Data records
BEGIN
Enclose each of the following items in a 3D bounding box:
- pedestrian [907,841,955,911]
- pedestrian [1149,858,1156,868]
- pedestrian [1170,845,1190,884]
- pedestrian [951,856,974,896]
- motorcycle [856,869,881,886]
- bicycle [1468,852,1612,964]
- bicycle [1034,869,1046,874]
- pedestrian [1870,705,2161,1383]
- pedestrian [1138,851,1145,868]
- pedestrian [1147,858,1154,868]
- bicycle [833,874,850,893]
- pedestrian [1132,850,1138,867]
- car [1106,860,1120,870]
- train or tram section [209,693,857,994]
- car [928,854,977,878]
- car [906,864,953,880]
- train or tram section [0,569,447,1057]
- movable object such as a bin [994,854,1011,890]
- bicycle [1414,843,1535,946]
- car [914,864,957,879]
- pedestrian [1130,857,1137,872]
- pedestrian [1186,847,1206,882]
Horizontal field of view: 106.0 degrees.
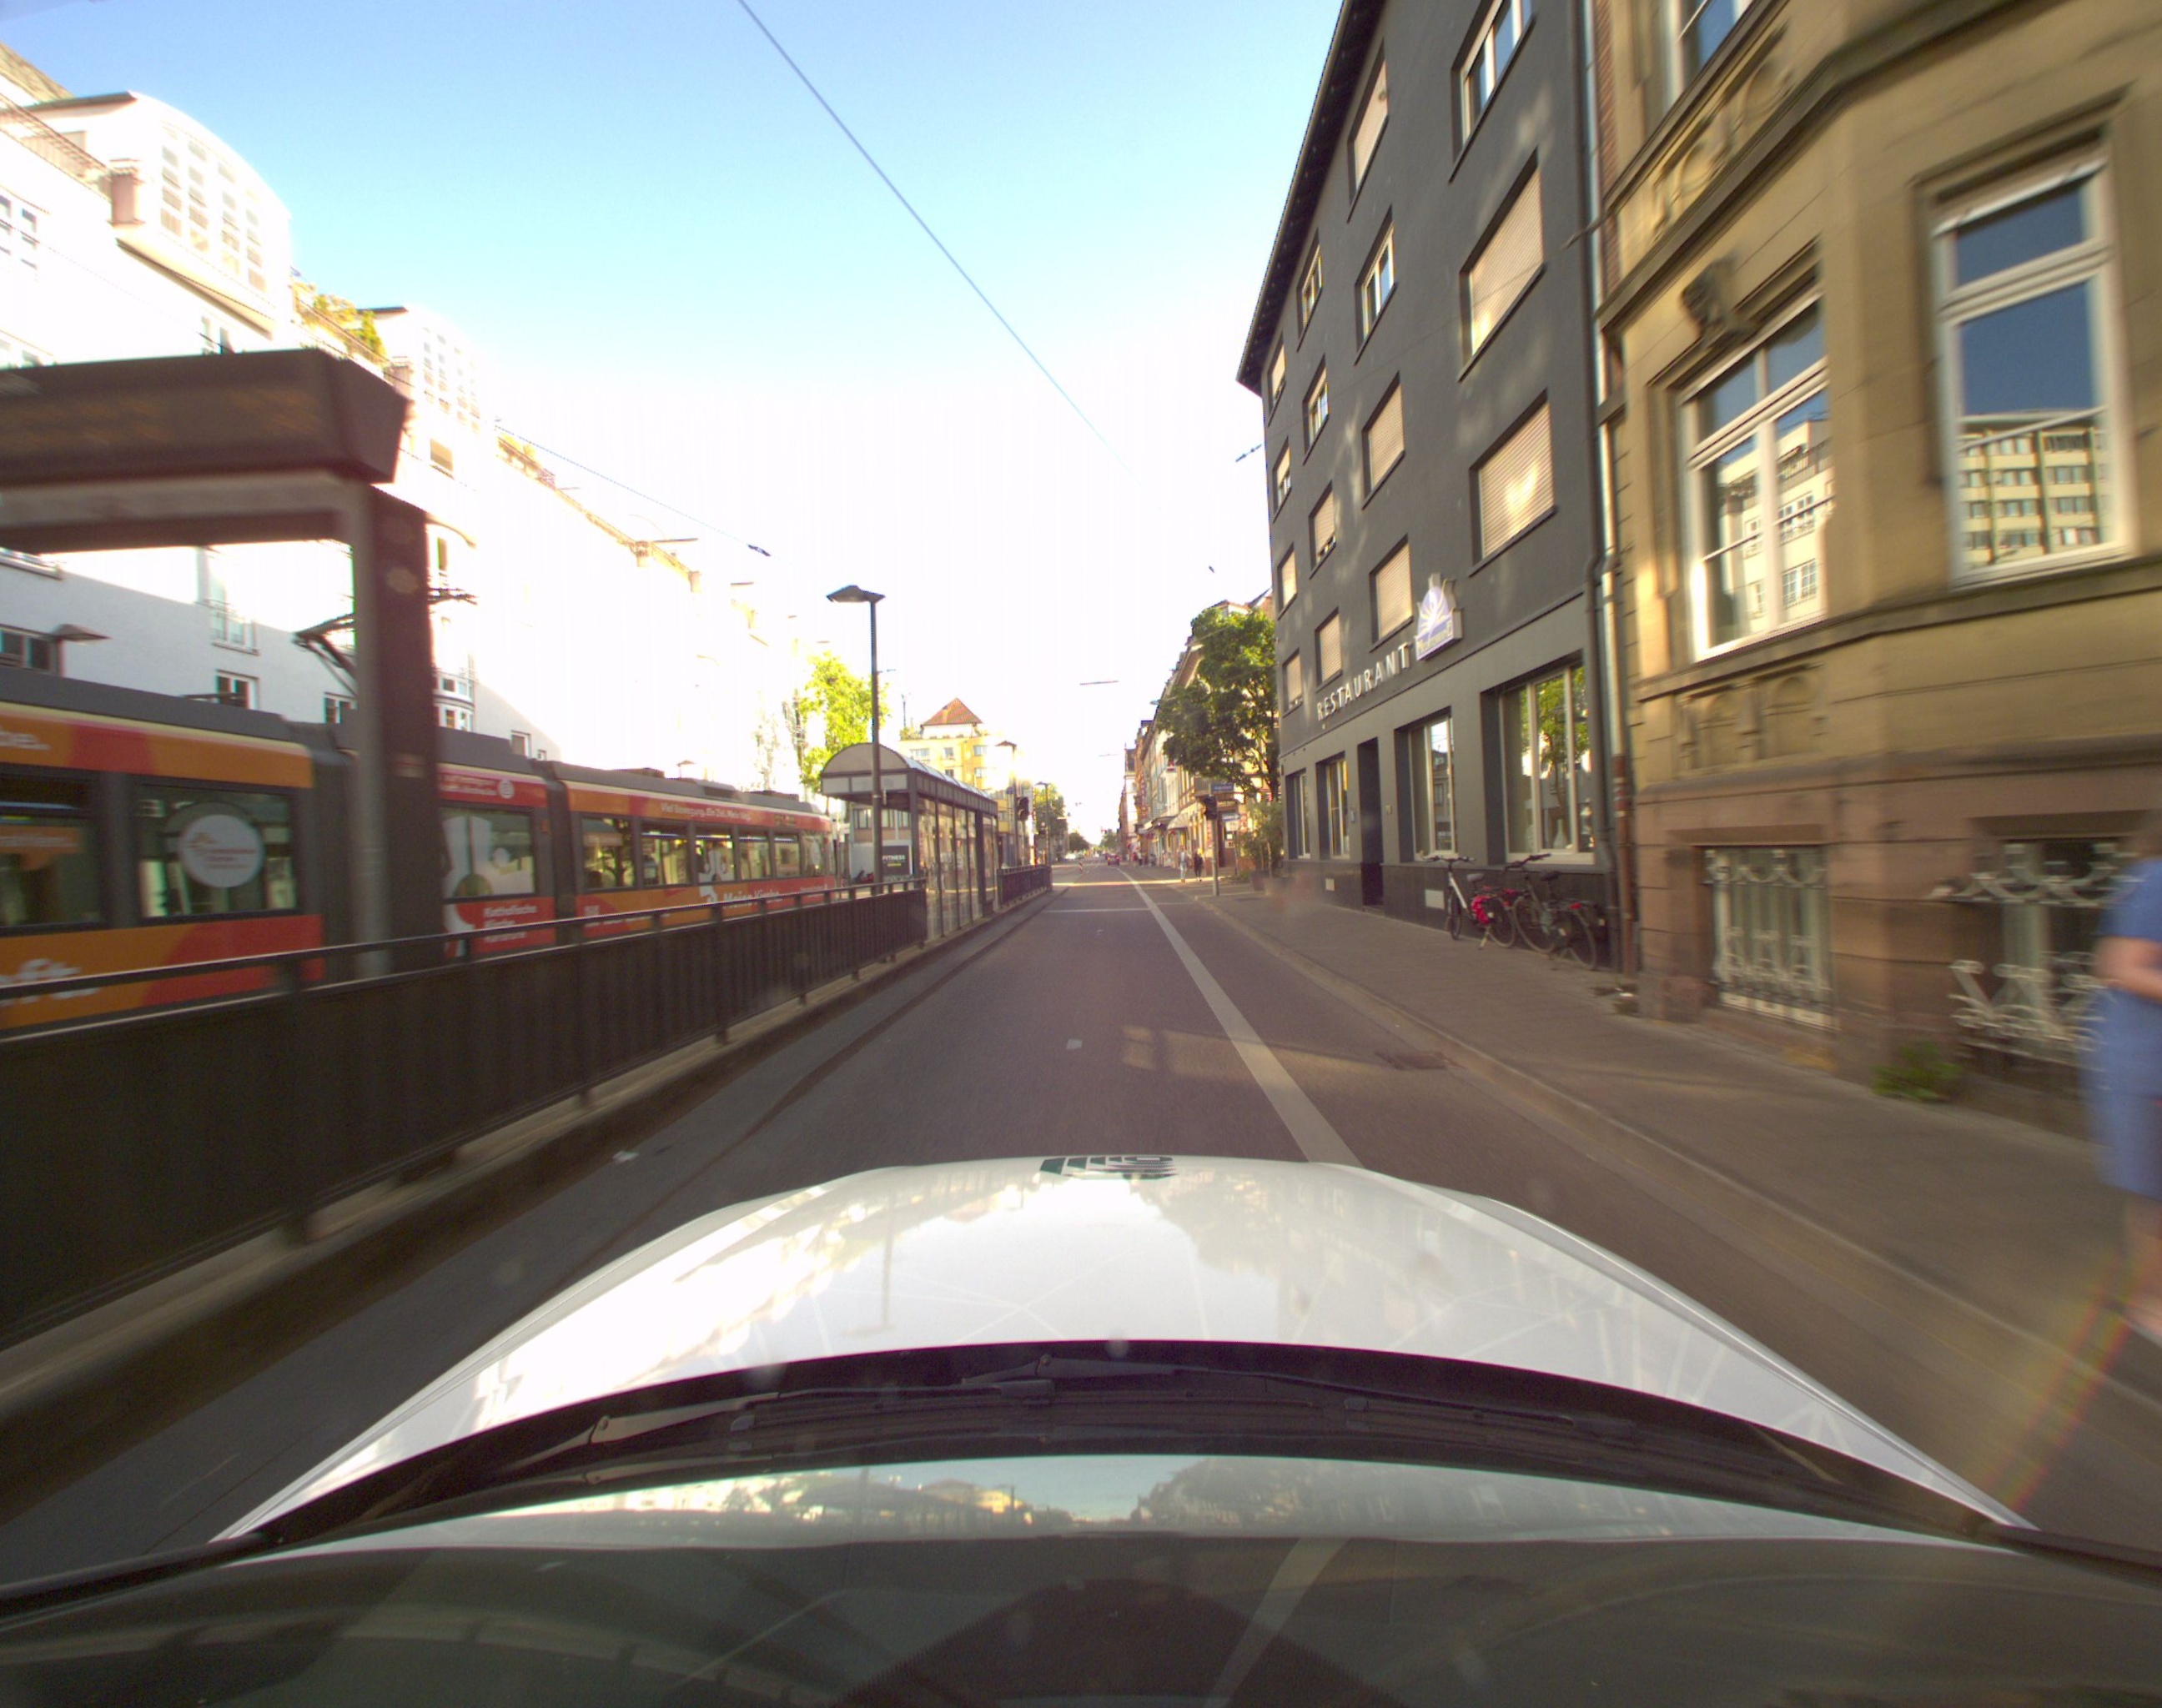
[{"bbox_3d":[-2.621,0.378,14.278,0.682,1.176,0.537,-2,-1,2],"label":"pedestrian"},{"bbox_3d":[7.485,0.967,85.389,0.687,1.043,0.681,-2,-1,6],"label":"pedestrian"},{"bbox_3d":[4.626,0.479,38.145,0.711,1.774,0.772,-4,0,-2],"label":"pedestrian"},{"bbox_3d":[-5.132,0.936,35.259,0.866,1.714,0.787,1,0,-1],"label":"pedestrian"},{"bbox_3d":[-16.768,1.820,64.179,1.791,1.298,0.605,1,-1,-5],"label":"motorcycle"},{"bbox_3d":[4.962,0.536,8.948,0.588,1.070,1.806,-4,0,4],"label":"bicycle"},{"bbox_3d":[-7.590,3.226,150.562,1.918,1.003,0.758,-2,-1,19],"label":"bicycle"},{"bbox_3d":[2.976,0.448,2.220,0.760,1.645,0.832,-3,0,1],"label":"pedestrian"},{"bbox_3d":[6.410,0.600,86.388,0.645,1.796,0.562,-2,-1,6],"label":"pedestrian"},{"bbox_3d":[7.416,0.988,86.355,0.687,1.043,0.681,-2,-1,6],"label":"pedestrian"},{"bbox_3d":[-15.142,1.860,51.536,0.496,1.107,1.801,1,0,2],"label":"bicycle"},{"bbox_3d":[5.726,0.479,86.614,0.556,1.796,0.652,-2,-1,8],"label":"pedestrian"},{"bbox_3d":[4.784,1.575,121.179,1.986,1.449,4.001,-1,-1,1],"label":"car"},{"bbox_3d":[-8.630,-0.075,17.213,2.873,3.490,14.960,-2,0,3],"label":"train or tram section"},{"bbox_3d":[-14.357,1.362,91.222,5.085,2.576,2.129,-1,-1,2],"label":"car"},{"bbox_3d":[-15.008,1.759,80.785,4.303,1.510,1.801,-1,-1,2],"label":"car"},{"bbox_3d":[-9.241,-0.269,2.638,2.874,3.490,14.171,-2,0,2],"label":"train or tram section"},{"bbox_3d":[-2.065,0.473,21.523,0.351,0.944,0.530,-2,-1,1],"label":"movable object such as a bin"},{"bbox_3d":[5.163,0.493,10.834,0.621,1.198,1.907,-4,0,0],"label":"bicycle"},{"bbox_3d":[-14.903,1.780,83.531,3.971,1.510,1.801,-1,-1,2],"label":"car"},{"bbox_3d":[6.824,1.407,106.079,0.840,1.918,0.661,-1,-1,0],"label":"pedestrian"},{"bbox_3d":[5.365,0.478,38.038,0.711,1.602,0.772,-4,0,-2],"label":"pedestrian"}]
END
Output the records above exactly, from their first line through the line that contains "- pedestrian [1186,847,1206,882]", and add nothing.

Enclose each of the following items in a 3D bounding box:
- pedestrian [907,841,955,911]
- pedestrian [1149,858,1156,868]
- pedestrian [1170,845,1190,884]
- pedestrian [951,856,974,896]
- motorcycle [856,869,881,886]
- bicycle [1468,852,1612,964]
- bicycle [1034,869,1046,874]
- pedestrian [1870,705,2161,1383]
- pedestrian [1138,851,1145,868]
- pedestrian [1147,858,1154,868]
- bicycle [833,874,850,893]
- pedestrian [1132,850,1138,867]
- car [1106,860,1120,870]
- train or tram section [209,693,857,994]
- car [928,854,977,878]
- car [906,864,953,880]
- train or tram section [0,569,447,1057]
- movable object such as a bin [994,854,1011,890]
- bicycle [1414,843,1535,946]
- car [914,864,957,879]
- pedestrian [1130,857,1137,872]
- pedestrian [1186,847,1206,882]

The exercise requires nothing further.